Imprimir Imprimir    Close Close

Revocar una sentencia descabellada del Tribunal Supremo es la única forma de arreglar la educación

Por Corey DeAngelis

Publicado el 16 de marzo de 2026

Fox News
Los estados del sur muestran grandes avances en materia educativa, según un artículo de opinión del NYT. Vídeo

Tennessee han adoptado una postura firme contra el mal uso del dinero de los contribuyentes en la educación pública. El 10 de marzo, Bill de la Cámara de Representantes salió adelante en una comisión plenaria con 15 votos a favor y 9 en contra, divididos principalmente por líneas partidistas, con los republicanos a favor y los siete demócratas en contra.
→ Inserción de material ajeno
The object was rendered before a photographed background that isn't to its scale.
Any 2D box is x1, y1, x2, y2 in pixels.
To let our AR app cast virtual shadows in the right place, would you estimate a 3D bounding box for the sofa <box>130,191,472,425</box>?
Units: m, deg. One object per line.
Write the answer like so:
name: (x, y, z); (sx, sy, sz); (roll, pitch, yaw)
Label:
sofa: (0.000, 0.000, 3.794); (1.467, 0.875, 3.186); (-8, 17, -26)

Está previsto que la propuesta se debata en el pleno de la Cámara de Representantes el 16 de marzo.

La medida exige ahora a los responsables de las escuelas públicas y concertadas que comprueben la situación migratoria de los alumnos en el momento de la matriculación y que comuniquen los resultados globales al estado. La propuesta original facultaba a los responsables escolares a denegar la matriculación a los alumnos que no pudieran demostrar su residencia legal en Estados Unidos o a cobrar la matrícula a sus familias. Esa disposición se mantiene en la versión del Senado —que ya se aprobó en esa cámara por 19 votos a favor y 13 en contra—, pero los que se oponen a la medida la eliminaron posteriormente de la propuesta de la Cámara de Representantes. 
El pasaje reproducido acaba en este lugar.